4.7. Ablation Experiment
We thoroughly investigated the noise level within the dataset and its effects on the prediction accuracy and model robustness of SOH. As illustrated in
Figure 4, there are some outliers in the dataset that are obviously deviant, and some of them are far from the overall data curve. If the curve containing these outliers is directly normalized and correlated, these features are obviously unable to effectively characterize SOH. Through experiments, it was found that there were notable differences between the features after noise removal and the features selected for the non-denoised data. Although the features selected for the non-denoised data retained some capacity to characterize SOH, their prediction performance was considerably inferior, as depicted in
Figure 13. Compared with the prediction results after denoising, the prediction error of the non-denoised model is larger, the prediction curve appears to be more unsmooth, and abnormal prediction values appear. These findings underscore the substantial negative impact of noise on prediction performance, highlighting that denoising significantly enhances the model’s prediction accuracy.
5. Conclusions
This paper proposes a method for predicting battery SOH based on multidimensional features and a transformer–LSTM fusion model, aiming to enhance the accuracy and generalizability of SOH prediction. The key findings reveal that by extracting features from the time domain, frequency domain, and time dimension of the voltage, energy and temperature curves, the trend of battery degradation can be effectively captured. Furthermore, denoising the feature data significantly improves prediction accuracy and reduces the negative impact of noise on model performance. By integrating these optimized features with the transformer–LSTM fusion model for prediction, the experimental results demonstrate that the proposed model excels in both prediction accuracy and generalization ability, thus verifying its efficacy and practicality in SOH prediction.

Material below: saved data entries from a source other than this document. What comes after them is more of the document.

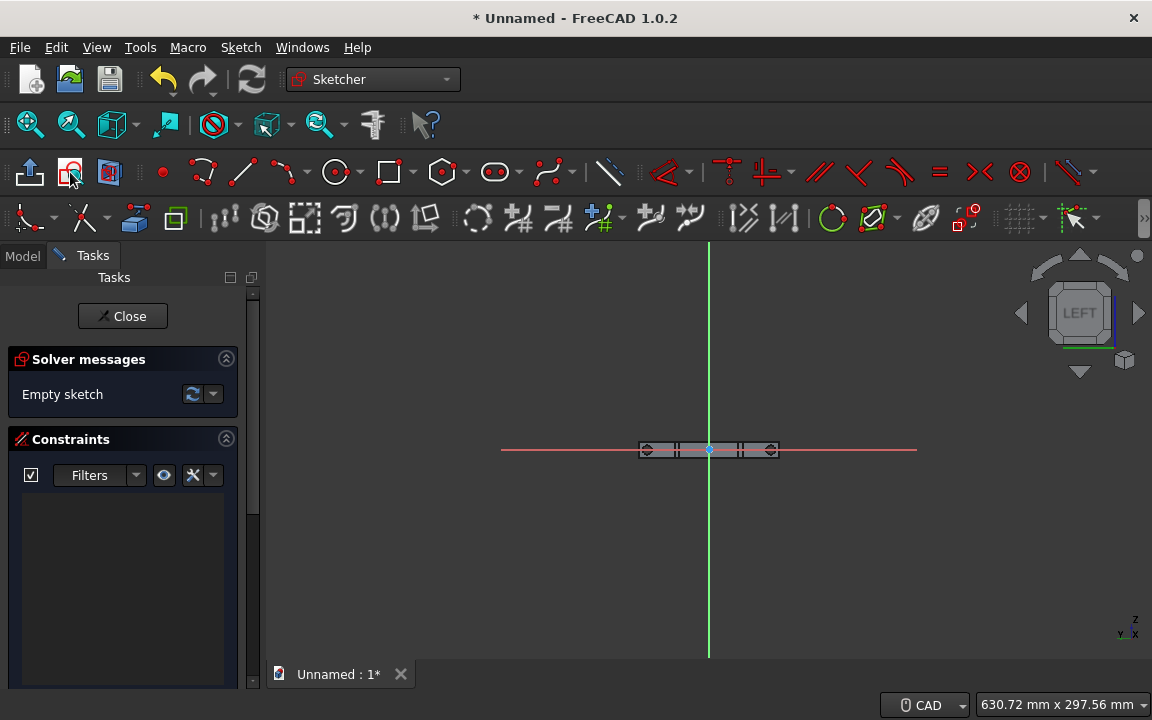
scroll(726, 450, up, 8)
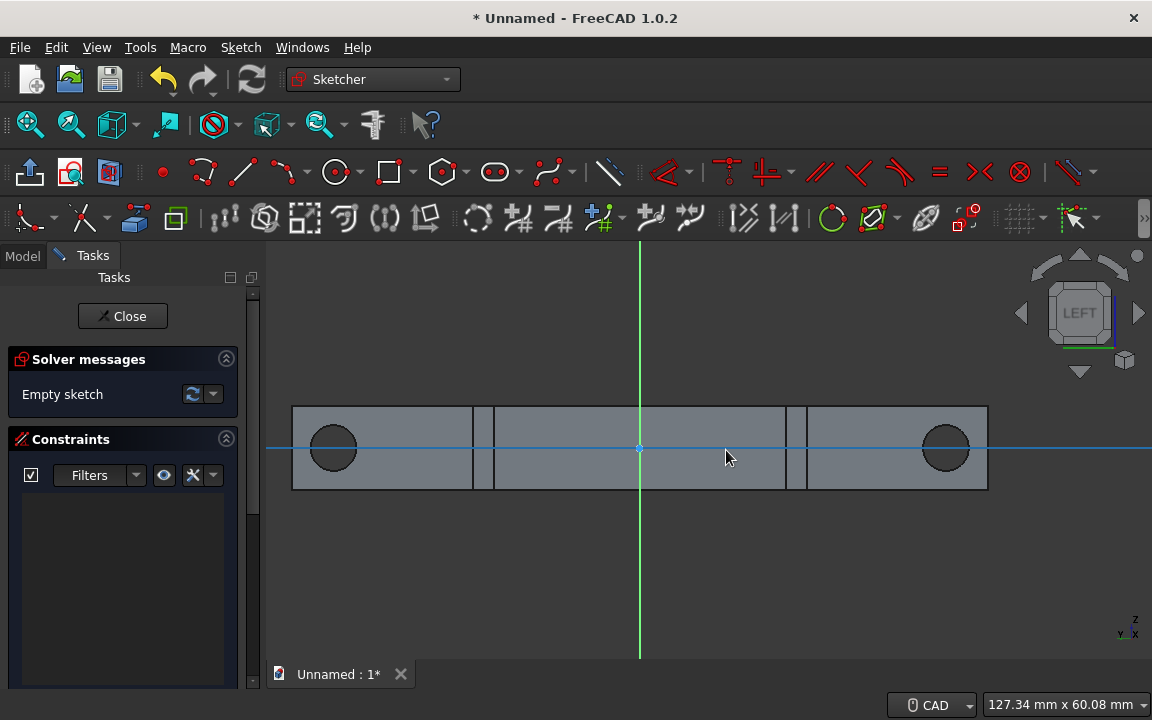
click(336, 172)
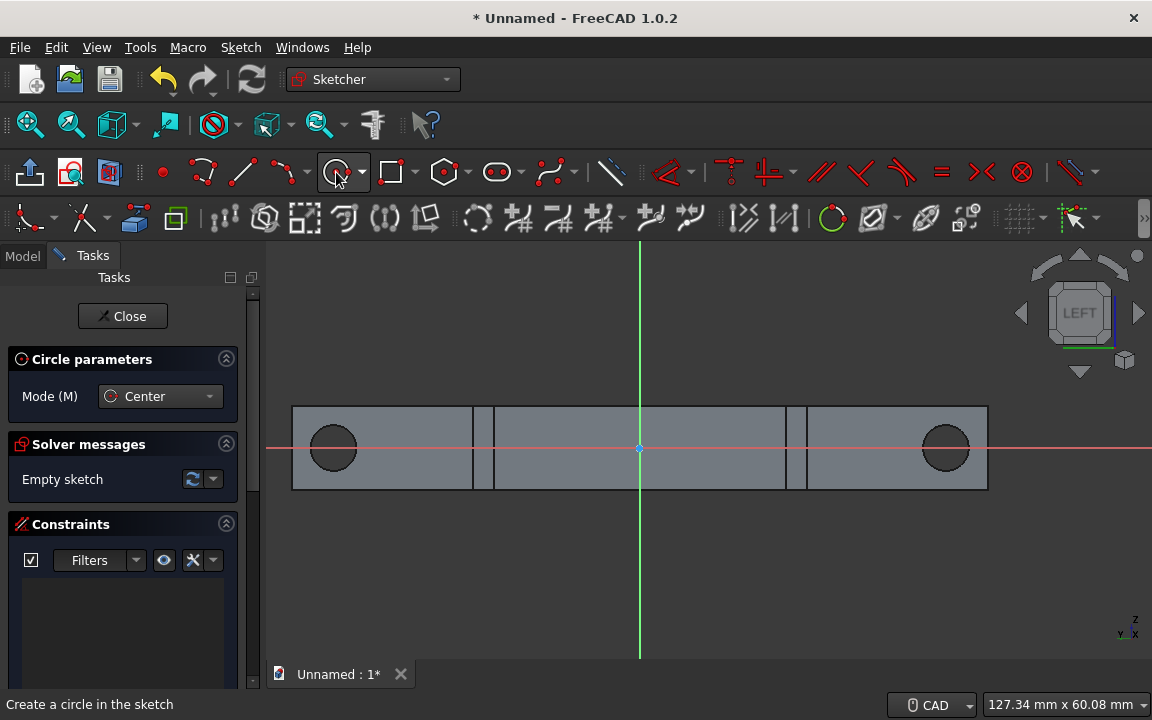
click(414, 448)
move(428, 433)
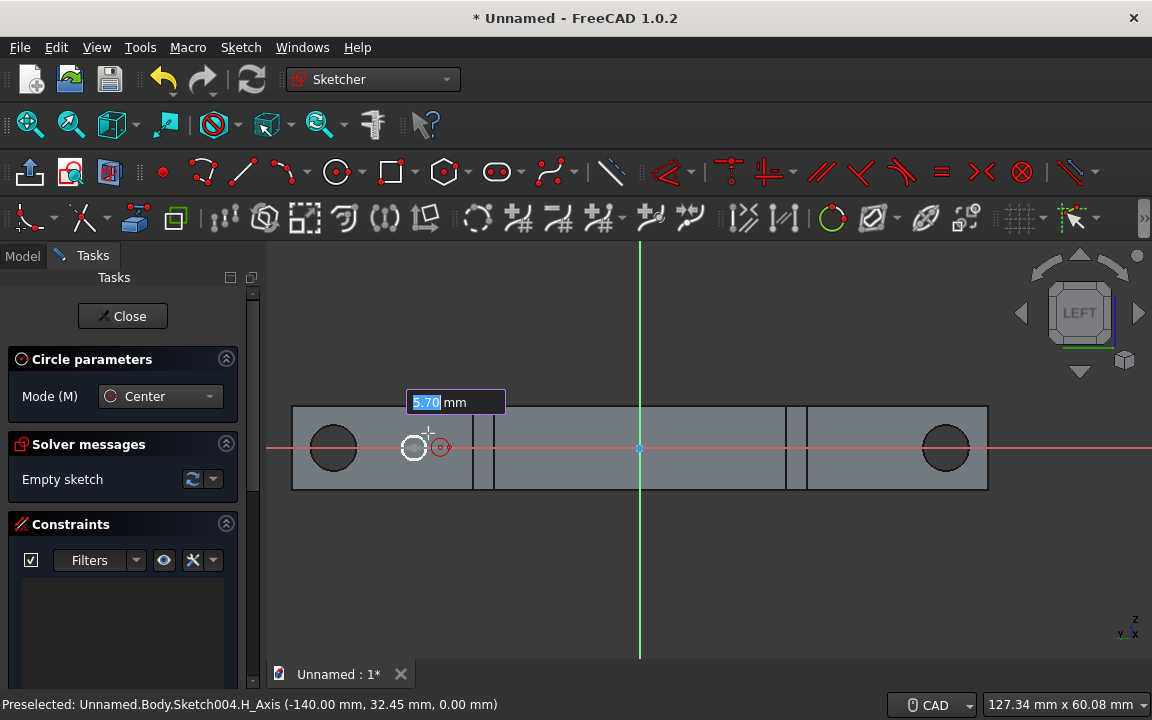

Looking ahead, this study will focus further on the implementation and optimization of SOH prediction in actual application scenarios. Compared to laboratory scenarios, the operating conditions of actual batteries are considerably more complex and variable. They are influenced by unstable external factors such as fluctuations in ambient temperature, variations in user operating habits, and the use of diverse charging equipment. These factors pose challenges to the accuracy of SOH prediction. Therefore, to ensure effective implementation of SOH prediction in real-world applications, it is crucial to adapt and optimize the model based on actual operating data of the batteries to accommodate changes in real-life scenarios.